Resta saber se, tal como a “esfera pública” de Habermas, a cibercultura vai acabar por ser dominada pelos interesses comerciais e pela intervenção dos governos, sempre ávidos de controlar o(s) discurso(s) público(s) ou se, pelo contrário, vai conseguir preservar as características que herdou dos processos sociais e das dinâmicas culturais que lhe deram origem. Há, sem dúvida, perigos emergentes, desde logo os que resultam do excesso de informação e das estratégias das grandes corporações, como notam Geert Lovink (05-09-2008), em The society of the query and the Googlization of our lives (Stop searching, start questioning, é o mote deste artigo), ou Nicholas Carr, que no seu artigo de 2008, intitulado Is Google Making Us Stupid?, fala da forma como, na sua perspectiva, a nossa percepção da informação, nomeadamente no que se refere à leitura, está a ser “formatada” para uma abordagem mais superficial, de tempos de atenção muito menores, tornando-nos de novo consumidores menos críticos e mais facilmente manipuláveis pelos interesses comerciais que são a outra face (a melhor ou a pior, dependendo da perspectiva) da nossa experiência da Web como espaço social.

 

Notas

[1] Investigador no CERN, responsável pela criação da linguagem HTML e do protocolo HTTP, actualmente com um papel muito activo no desenvolvimento da chamada “web semântica”.

[2] Sites cujos conteúdos são da responsabilidade de grandes grupos de utilizadores.
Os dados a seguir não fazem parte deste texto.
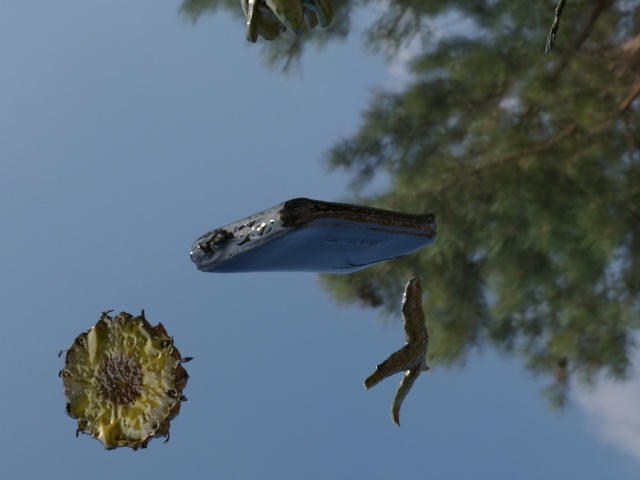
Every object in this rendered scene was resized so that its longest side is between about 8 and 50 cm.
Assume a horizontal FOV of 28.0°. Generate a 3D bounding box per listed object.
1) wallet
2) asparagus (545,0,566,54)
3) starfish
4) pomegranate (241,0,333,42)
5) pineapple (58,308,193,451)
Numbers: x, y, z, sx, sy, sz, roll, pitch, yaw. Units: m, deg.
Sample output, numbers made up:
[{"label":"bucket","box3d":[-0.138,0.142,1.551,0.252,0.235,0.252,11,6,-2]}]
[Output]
[{"label":"wallet","box3d":[0.000,0.000,1.263,0.250,0.149,0.044,5,-112,-52]},{"label":"asparagus","box3d":[0.361,-0.353,1.897,0.016,0.163,0.016,17,-173,-21]},{"label":"starfish","box3d":[0.123,0.151,1.756,0.053,0.208,0.176,14,170,21]},{"label":"pomegranate","box3d":[-0.050,-0.317,1.046,0.236,0.236,0.302,-40,-65,-54]},{"label":"pineapple","box3d":[-0.268,0.195,1.789,0.221,0.221,0.047,50,-167,20]}]
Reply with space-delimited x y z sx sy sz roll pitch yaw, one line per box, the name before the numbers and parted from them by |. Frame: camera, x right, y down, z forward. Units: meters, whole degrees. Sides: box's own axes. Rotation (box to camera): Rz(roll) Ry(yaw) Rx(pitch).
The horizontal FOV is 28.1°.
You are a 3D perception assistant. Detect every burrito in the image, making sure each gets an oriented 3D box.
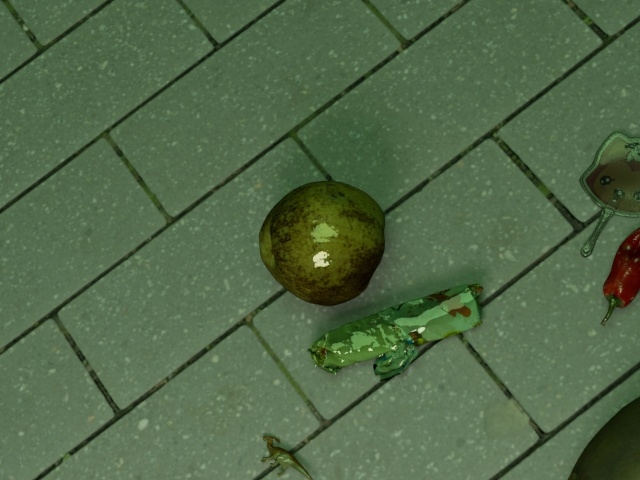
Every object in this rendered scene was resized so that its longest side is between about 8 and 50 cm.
burrito | 0.123 0.150 1.955 0.288 0.054 0.104 -18 68 4

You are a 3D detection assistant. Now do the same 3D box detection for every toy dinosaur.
toy dinosaur | -0.057 0.337 1.932 0.041 0.026 0.113 -35 55 -21

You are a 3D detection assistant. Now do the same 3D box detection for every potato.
potato | 0.449 0.339 1.703 0.221 0.243 0.326 41 86 11

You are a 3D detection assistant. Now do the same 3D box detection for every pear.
pear | 0.000 0.000 1.956 0.197 0.197 0.197 -4 68 11

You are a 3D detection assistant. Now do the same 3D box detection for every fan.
fan | 0.461 -0.067 1.986 0.132 0.009 0.220 28 77 22

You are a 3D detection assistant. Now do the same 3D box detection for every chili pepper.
chili pepper | 0.465 0.045 1.918 0.059 0.050 0.191 14 64 35
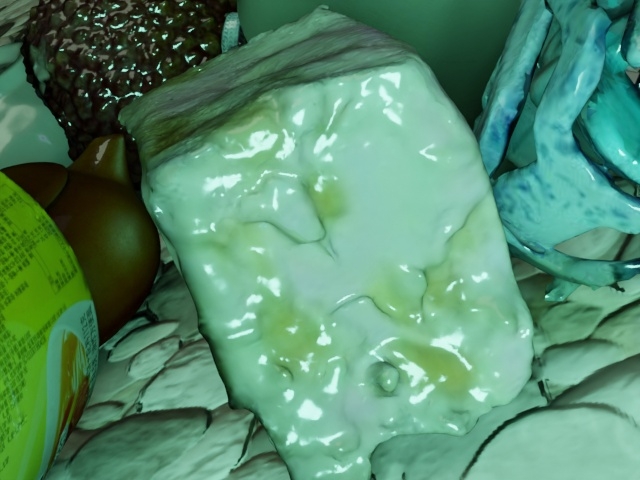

Alguns exemplos mais conhecidos são o Digg, o Delicious, o Slashdot ou o Youtube.

Referências Bibliográficas

Anderson, Paul (2007). What is Web 2.0: Ideas, technologies and implications for education. JISC Technology and Standards Watch. Disponível em http://www.jisc.ac.uk/media/documents/techwatch/tsw0701b.pdf[acedido em 15-12-2008].

Berners-Lee, Tim (21-11-2007). Giant Global Graph. Decentralized Information Group (DIG): timbl’s blog. Disponível em http://dig.csail.mit.edu/breadcrumbs/node/215 [acedido em 15-12-2008].

Berners-Lee, Tim (2000). Tejiendo la Red. Madrid: Siglo XXI.

Carr, Nicholas (2008). Is Google Making Us Stupid? The Atlantic, Julho/Agosto. Disponível em http://www.theatlantic.com/doc/200807/google [acedido em 15-12-2008].

Castells, Manuel (2001). La Galaxia Internet. Barcelona: Areté.

Laningham, Scott (Ed.) (2006). Tim Berners-Lee. Podcast. developerWorks Interviews, 22 de Agosto, site da IBM. Disponível em http://www.ibm.com/developerworks/podcast/dwi/cm-int082206txt.html[acedido em 15-12-2008].

Locke, Christopher; Levine, Rick; Searls, Doc; Weinberger, David (1999). The Cluetrain Manifesto: The End of Business as Usual. Disponível em http://www.cluetrain.com/book/index.html [acedido em 15-12-2008].

Lovink, Geert (05-09-2008). The society of the query and the Googlization of our lives. Eurozine. Disponível em http://www.eurozine.com/articles/2008-09-05-lovink-en.html [acedido em 15-12-2008].

O’Reilly, Tim (10-12-2006). Web 2.0 Compact Definition: Trying Again. O’Reilly Radar. Disponível em http://radar.oreilly.com/archives/2006/12/web-20-compact.html [acedido em 15-12-2008].

Slevin, James (2000). The Internet and Society. Cambridge, UK: Polity Press.